## Instructions for the task
Check every line of the entries for "settings", and copy the lines that hold it.

Entries taken from a collection:
--------------------------------------------------

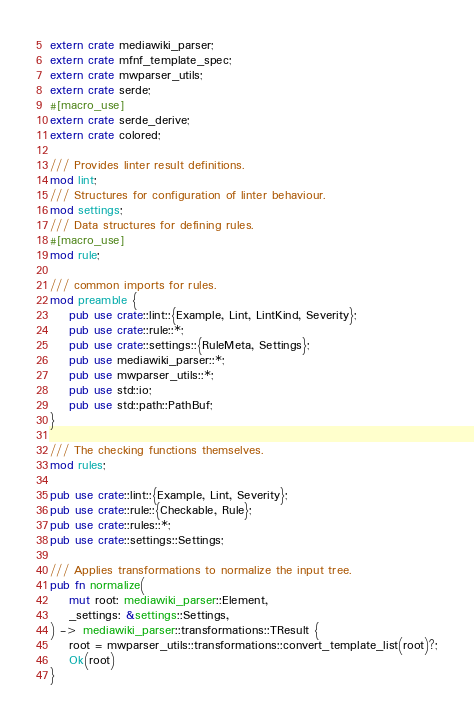Convert code to text. <code><loc_0><loc_0><loc_500><loc_500><_Rust_>extern crate mediawiki_parser;
extern crate mfnf_template_spec;
extern crate mwparser_utils;
extern crate serde;
#[macro_use]
extern crate serde_derive;
extern crate colored;

/// Provides linter result definitions.
mod lint;
/// Structures for configuration of linter behaviour.
mod settings;
/// Data structures for defining rules.
#[macro_use]
mod rule;

/// common imports for rules.
mod preamble {
    pub use crate::lint::{Example, Lint, LintKind, Severity};
    pub use crate::rule::*;
    pub use crate::settings::{RuleMeta, Settings};
    pub use mediawiki_parser::*;
    pub use mwparser_utils::*;
    pub use std::io;
    pub use std::path::PathBuf;
}

/// The checking functions themselves.
mod rules;

pub use crate::lint::{Example, Lint, Severity};
pub use crate::rule::{Checkable, Rule};
pub use crate::rules::*;
pub use crate::settings::Settings;

/// Applies transformations to normalize the input tree.
pub fn normalize(
    mut root: mediawiki_parser::Element,
    _settings: &settings::Settings,
) -> mediawiki_parser::transformations::TResult {
    root = mwparser_utils::transformations::convert_template_list(root)?;
    Ok(root)
}
</code> 
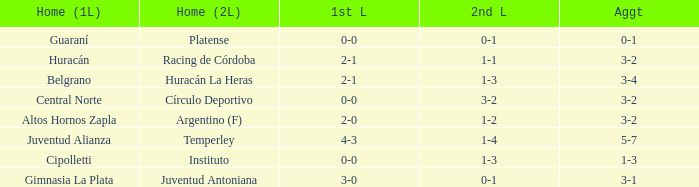What was the total score with a 1-2 second leg score? 3-2. 
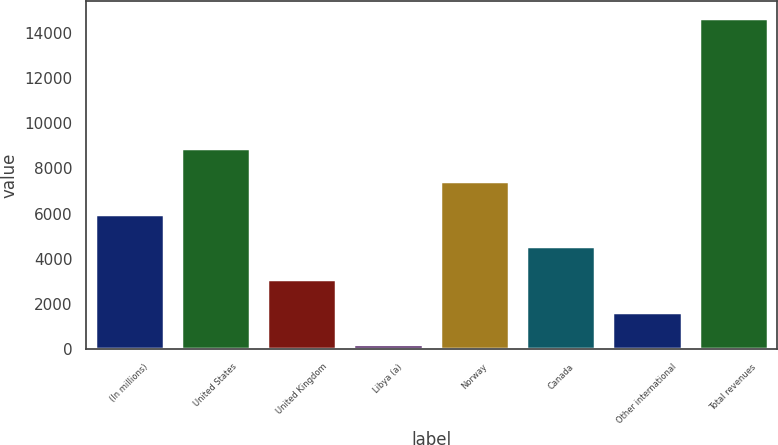<chart> <loc_0><loc_0><loc_500><loc_500><bar_chart><fcel>(In millions)<fcel>United States<fcel>United Kingdom<fcel>Libya (a)<fcel>Norway<fcel>Canada<fcel>Other international<fcel>Total revenues<nl><fcel>5994.8<fcel>8884.2<fcel>3105.4<fcel>216<fcel>7439.5<fcel>4550.1<fcel>1660.7<fcel>14663<nl></chart> 
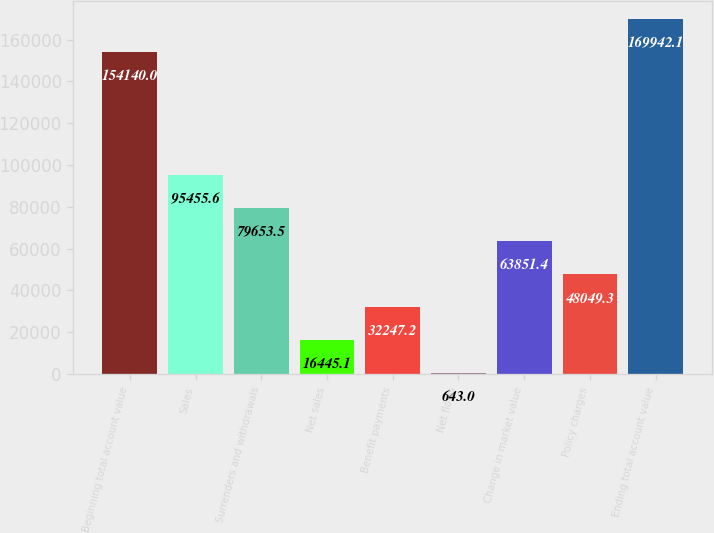<chart> <loc_0><loc_0><loc_500><loc_500><bar_chart><fcel>Beginning total account value<fcel>Sales<fcel>Surrenders and withdrawals<fcel>Net sales<fcel>Benefit payments<fcel>Net flows<fcel>Change in market value<fcel>Policy charges<fcel>Ending total account value<nl><fcel>154140<fcel>95455.6<fcel>79653.5<fcel>16445.1<fcel>32247.2<fcel>643<fcel>63851.4<fcel>48049.3<fcel>169942<nl></chart>

--------------------------------------------------

## Problem solution
mod settings;
    pub use crate::settings::{RuleMeta, Settings};
pub use crate::settings::Settings;
    _settings: &settings::Settings,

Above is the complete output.